The Pound to US Dollar exchange rate (GBP/USD) slid lower by around -0.3 cents to 1.5415 last night as markets reacted to a surprisingly optimistic set of US data.
US Durable Goods, US Consumer Confidence, US New Home Sales and the US S&P/Case-Shiller House Price Index all posted encouragingly high scores yesterday, which was seen to give the Federal Reserve’s tapering bias slightly more credibility.
Last week the Fed announced that it was happy with the current pace of economic growth in America and stated that it is prepared to begin tapering asset purchases later this year as long as the domestic economy continues on its current path. Markets plummeted in reaction to the announcement as traders feared that the cheap credit that has kept the global economy running over the past few years could be about to dry up.
Due to recent volatility in the US labour market, soft Consumer Price inflation growth and weaknesses in the US Manufacturing Sector – the latest US ISM Manufacturing report printed at a 4-year low of 49.0 – a large camp within financial markets felt that the Fed was foolish to begin tapering at this moment in time.
However, the awesome foursome of US economic data yesterday reflected remarkably well on the world’s largest economy and appeared to support the Fed’s decision to offer forward guidance on monetary policy. After all what comes up must come down and the sooner that the current QE3-inflated bubble bursts, the sooner markets can return to natural levels.
With US Durable Goods Orders expanding by 3.6% in May as demand for cars and trucks picked-up fairly strongly it is likely that US growth could continue to accelerate throughout the year. Milan Mulraine of TD Securities said:
“This is the missing piece for an upswing in economic activity. Business capital investment activity is off to a strong showing. If businesses start investing they’ll add to their workforce”.
The good news continued as the US Consumer Confidence survey printed at a 5-year high of 81.4 in June. Massively higher than May’s 74.3, the latest gauge of consumer sentiment reflects exceedingly well on the American economy’s prospects going forward, as consumer spending accounts for around 70% of US Gross Domestic Product.
Business investment: check…Consumer Confidence: check…housing market: double check.

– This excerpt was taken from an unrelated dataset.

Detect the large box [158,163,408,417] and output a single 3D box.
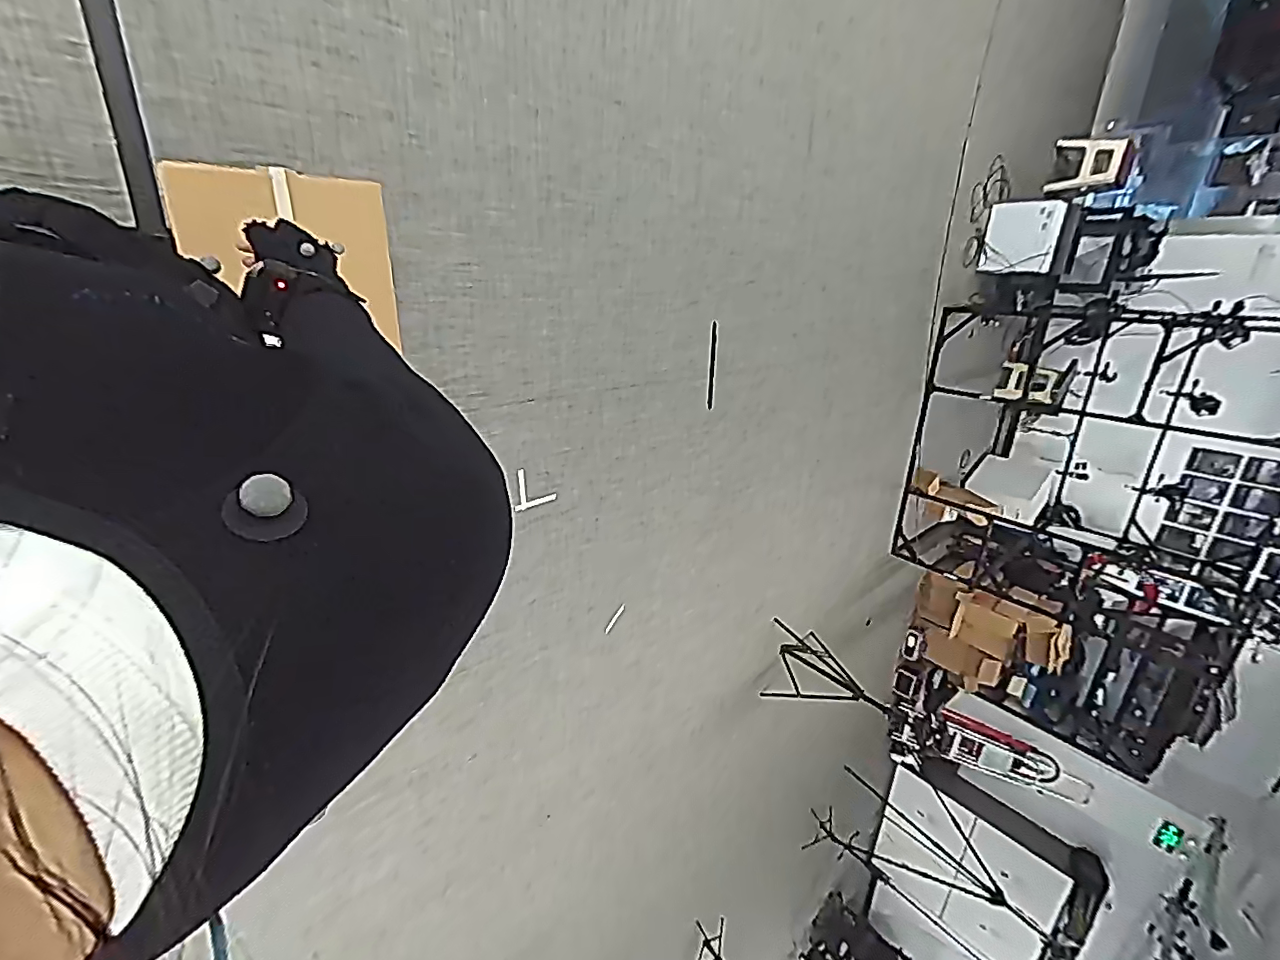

The US housing market was treated to a double burst of positive ecostats yesterday as New Home Sales advanced to a stronger-than-anticipated 2.1% and the S&P/Case-Shiller Home Price Index jumped to 12.1% – its highest level since March 2006. When you consider that April’s 2.5% increase was the largest ever monthly surge in house prices it becomes slightly easier to digest the Federal Reserve’s optimistic evaluations of the US economy.
With Fed taper bets growing stronger by the day, it is easy to see why the Pound to US Dollar exchange rate (GBP/USD) is struggling to breach the 1.5500 level.